Dataset excerpts:

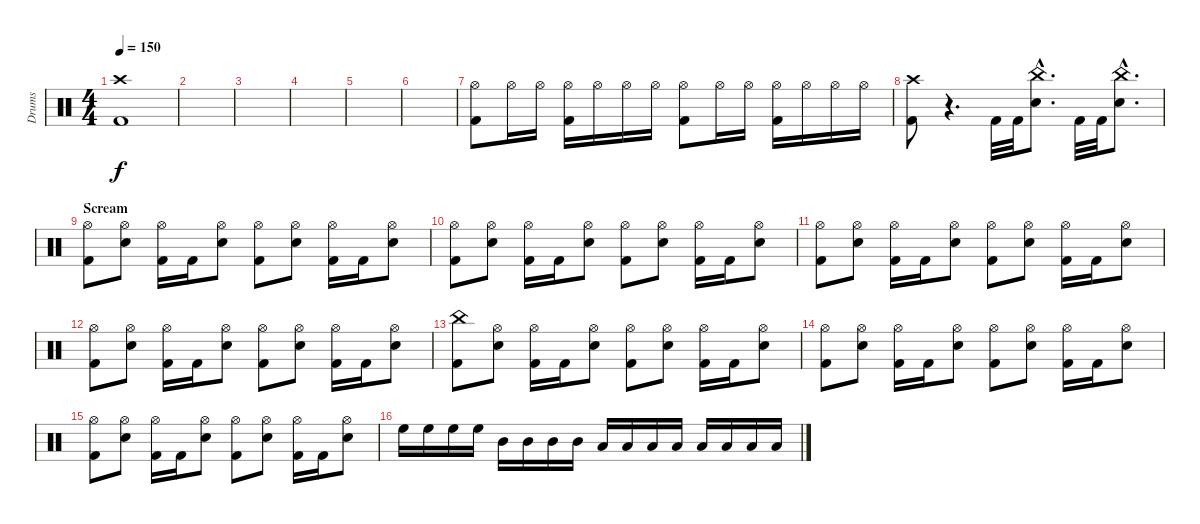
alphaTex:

\track ("Drums" "Drums") {instrument percussion}
\staff {score}
\articulation defaults
\ts (4 4)
\tempo 150
\clef neutral
\ks c
("Crash high (hit)" "Kick (hit) 2").1{dy f} |
|
|
|
|
|
("Hi-Hat (open)" "Kick (hit) 2").8 "Hi-Hat (open)".16 "Hi-Hat (open)".16 ("Hi-Hat (open)" "Kick (hit) 2").16 "Hi-Hat (open)".16 "Hi-Hat (open)".16 "Hi-Hat (open)".16 ("Hi-Hat (open)" "Kick (hit) 2").8 "Hi-Hat (open)".16 "Hi-Hat (open)".16 ("Hi-Hat (open)" "Kick (hit) 2").16 "Hi-Hat (open)".16 "Hi-Hat (open)".16 "Hi-Hat (open)".16 |
("Crash high (hit)" "Kick (hit) 2").8 r.4{d} "Kick (hit) 2".32 "Kick (hit) 2".32 ("China (hit)"{hac} "Snare (hit) 2"{hac}).8{d} "Kick (hit) 2".32 "Kick (hit) 2".32 ("China (hit)"{hac} "Snare (hit) 2"{hac}).8{d} |
\section ("" "Scream")
("Hi-Hat (open)" "Kick (hit) 2").8 ("Hi-Hat (open)" "Snare (hit) 2").8 ("Hi-Hat (open)" "Kick (hit) 2").16 "Kick (hit) 2".16 ("Hi-Hat (open)" "Snare (hit) 2").8 ("Hi-Hat (open)" "Kick (hit) 2").8 ("Hi-Hat (open)" "Snare (hit) 2").8 ("Hi-Hat (open)" "Kick (hit) 2").16 "Kick (hit) 2".16 ("Hi-Hat (open)" "Snare (hit) 2").8 |
("Hi-Hat (open)" "Kick (hit) 2").8 ("Hi-Hat (open)" "Snare (hit) 2").8 ("Hi-Hat (open)" "Kick (hit) 2").16 "Kick (hit) 2".16 ("Hi-Hat (open)" "Snare (hit) 2").8 ("Hi-Hat (open)" "Kick (hit) 2").8 ("Hi-Hat (open)" "Snare (hit) 2").8 ("Hi-Hat (open)" "Kick (hit) 2").16 "Kick (hit) 2".16 ("Hi-Hat (open)" "Snare (hit) 2").8 |
("Hi-Hat (open)" "Kick (hit) 2").8 ("Hi-Hat (open)" "Snare (hit) 2").8 ("Hi-Hat (open)" "Kick (hit) 2").16 "Kick (hit) 2".16 ("Hi-Hat (open)" "Snare (hit) 2").8 ("Hi-Hat (open)" "Kick (hit) 2").8 ("Hi-Hat (open)" "Snare (hit) 2").8 ("Hi-Hat (open)" "Kick (hit) 2").16 "Kick (hit) 2".16 ("Hi-Hat (open)" "Snare (hit) 2").8 |
("Hi-Hat (open)" "Kick (hit) 2").8 ("Hi-Hat (open)" "Snare (hit) 2").8 ("Hi-Hat (open)" "Kick (hit) 2").16 "Kick (hit) 2".16 ("Hi-Hat (open)" "Snare (hit) 2").8 ("Hi-Hat (open)" "Kick (hit) 2").8 ("Hi-Hat (open)" "Snare (hit) 2").8 ("Hi-Hat (open)" "Kick (hit) 2").16 "Kick (hit) 2".16 ("Hi-Hat (open)" "Snare (hit) 2").8 |
("China (hit)" "Kick (hit) 2").8 ("Hi-Hat (open)" "Snare (hit) 2").8 ("Hi-Hat (open)" "Kick (hit) 2").16 "Kick (hit) 2".16 ("Hi-Hat (open)" "Snare (hit) 2").8 ("Hi-Hat (open)" "Kick (hit) 2").8 ("Hi-Hat (open)" "Snare (hit) 2").8 ("Hi-Hat (open)" "Kick (hit) 2").16 "Kick (hit) 2".16 ("Hi-Hat (open)" "Snare (hit) 2").8 |
("Hi-Hat (open)" "Kick (hit) 2").8 ("Hi-Hat (open)" "Snare (hit) 2").8 ("Hi-Hat (open)" "Kick (hit) 2").16 "Kick (hit) 2".16 ("Hi-Hat (open)" "Snare (hit) 2").8 ("Hi-Hat (open)" "Kick (hit) 2").8 ("Hi-Hat (open)" "Snare (hit) 2").8 ("Hi-Hat (open)" "Kick (hit) 2").16 "Kick (hit) 2".16 ("Hi-Hat (open)" "Snare (hit) 2").8 |
("Hi-Hat (open)" "Kick (hit) 2").8 ("Hi-Hat (open)" "Snare (hit) 2").8 ("Hi-Hat (open)" "Kick (hit) 2").16 "Kick (hit) 2".16 ("Hi-Hat (open)" "Snare (hit) 2").8 ("Hi-Hat (open)" "Kick (hit) 2").8 ("Hi-Hat (open)" "Snare (hit) 2").8 ("Hi-Hat (open)" "Kick (hit) 2").16 "Kick (hit) 2".16 ("Hi-Hat (open)" "Snare (hit) 2").8 |
"High Floor Tom (hit)".16 "High Floor Tom (hit)".16 "High Floor Tom (hit)".16 "High Floor Tom (hit)".16 "Mid Tom (hit)".16 "Mid Tom (hit)".16 "Mid Tom (hit)".16 "Mid Tom (hit)".16 "Low Tom (hit)".16 "Low Tom (hit)".16 "Low Tom (hit)".16 "Low Tom (hit)".16 "Low Floor Tom (hit)".16 "Low Floor Tom (hit)".16 "Low Floor Tom (hit)".16 "Low Floor Tom (hit)".16

Work task: Output every record verbatim, excluding any picture it contains.

Expected output:
alphaTex:

\track ("Drums" "Drums") {instrument percussion}
\staff {score}
\articulation defaults
\ts (4 4)
\tempo 150
\clef neutral
\ks c
("Crash high (hit)" "Kick (hit) 2").1{dy f} |
|
|
|
|
|
("Hi-Hat (open)" "Kick (hit) 2").8 "Hi-Hat (open)".16 "Hi-Hat (open)".16 ("Hi-Hat (open)" "Kick (hit) 2").16 "Hi-Hat (open)".16 "Hi-Hat (open)".16 "Hi-Hat (open)".16 ("Hi-Hat (open)" "Kick (hit) 2").8 "Hi-Hat (open)".16 "Hi-Hat (open)".16 ("Hi-Hat (open)" "Kick (hit) 2").16 "Hi-Hat (open)".16 "Hi-Hat (open)".16 "Hi-Hat (open)".16 |
("Crash high (hit)" "Kick (hit) 2").8 r.4{d} "Kick (hit) 2".32 "Kick (hit) 2".32 ("China (hit)"{hac} "Snare (hit) 2"{hac}).8{d} "Kick (hit) 2".32 "Kick (hit) 2".32 ("China (hit)"{hac} "Snare (hit) 2"{hac}).8{d} |
\section ("" "Scream")
("Hi-Hat (open)" "Kick (hit) 2").8 ("Hi-Hat (open)" "Snare (hit) 2").8 ("Hi-Hat (open)" "Kick (hit) 2").16 "Kick (hit) 2".16 ("Hi-Hat (open)" "Snare (hit) 2").8 ("Hi-Hat (open)" "Kick (hit) 2").8 ("Hi-Hat (open)" "Snare (hit) 2").8 ("Hi-Hat (open)" "Kick (hit) 2").16 "Kick (hit) 2".16 ("Hi-Hat (open)" "Snare (hit) 2").8 |
("Hi-Hat (open)" "Kick (hit) 2").8 ("Hi-Hat (open)" "Snare (hit) 2").8 ("Hi-Hat (open)" "Kick (hit) 2").16 "Kick (hit) 2".16 ("Hi-Hat (open)" "Snare (hit) 2").8 ("Hi-Hat (open)" "Kick (hit) 2").8 ("Hi-Hat (open)" "Snare (hit) 2").8 ("Hi-Hat (open)" "Kick (hit) 2").16 "Kick (hit) 2".16 ("Hi-Hat (open)" "Snare (hit) 2").8 |
("Hi-Hat (open)" "Kick (hit) 2").8 ("Hi-Hat (open)" "Snare (hit) 2").8 ("Hi-Hat (open)" "Kick (hit) 2").16 "Kick (hit) 2".16 ("Hi-Hat (open)" "Snare (hit) 2").8 ("Hi-Hat (open)" "Kick (hit) 2").8 ("Hi-Hat (open)" "Snare (hit) 2").8 ("Hi-Hat (open)" "Kick (hit) 2").16 "Kick (hit) 2".16 ("Hi-Hat (open)" "Snare (hit) 2").8 |
("Hi-Hat (open)" "Kick (hit) 2").8 ("Hi-Hat (open)" "Snare (hit) 2").8 ("Hi-Hat (open)" "Kick (hit) 2").16 "Kick (hit) 2".16 ("Hi-Hat (open)" "Snare (hit) 2").8 ("Hi-Hat (open)" "Kick (hit) 2").8 ("Hi-Hat (open)" "Snare (hit) 2").8 ("Hi-Hat (open)" "Kick (hit) 2").16 "Kick (hit) 2".16 ("Hi-Hat (open)" "Snare (hit) 2").8 |
("China (hit)" "Kick (hit) 2").8 ("Hi-Hat (open)" "Snare (hit) 2").8 ("Hi-Hat (open)" "Kick (hit) 2").16 "Kick (hit) 2".16 ("Hi-Hat (open)" "Snare (hit) 2").8 ("Hi-Hat (open)" "Kick (hit) 2").8 ("Hi-Hat (open)" "Snare (hit) 2").8 ("Hi-Hat (open)" "Kick (hit) 2").16 "Kick (hit) 2".16 ("Hi-Hat (open)" "Snare (hit) 2").8 |
("Hi-Hat (open)" "Kick (hit) 2").8 ("Hi-Hat (open)" "Snare (hit) 2").8 ("Hi-Hat (open)" "Kick (hit) 2").16 "Kick (hit) 2".16 ("Hi-Hat (open)" "Snare (hit) 2").8 ("Hi-Hat (open)" "Kick (hit) 2").8 ("Hi-Hat (open)" "Snare (hit) 2").8 ("Hi-Hat (open)" "Kick (hit) 2").16 "Kick (hit) 2".16 ("Hi-Hat (open)" "Snare (hit) 2").8 |
("Hi-Hat (open)" "Kick (hit) 2").8 ("Hi-Hat (open)" "Snare (hit) 2").8 ("Hi-Hat (open)" "Kick (hit) 2").16 "Kick (hit) 2".16 ("Hi-Hat (open)" "Snare (hit) 2").8 ("Hi-Hat (open)" "Kick (hit) 2").8 ("Hi-Hat (open)" "Snare (hit) 2").8 ("Hi-Hat (open)" "Kick (hit) 2").16 "Kick (hit) 2".16 ("Hi-Hat (open)" "Snare (hit) 2").8 |
"High Floor Tom (hit)".16 "High Floor Tom (hit)".16 "High Floor Tom (hit)".16 "High Floor Tom (hit)".16 "Mid Tom (hit)".16 "Mid Tom (hit)".16 "Mid Tom (hit)".16 "Mid Tom (hit)".16 "Low Tom (hit)".16 "Low Tom (hit)".16 "Low Tom (hit)".16 "Low Tom (hit)".16 "Low Floor Tom (hit)".16 "Low Floor Tom (hit)".16 "Low Floor Tom (hit)".16 "Low Floor Tom (hit)".16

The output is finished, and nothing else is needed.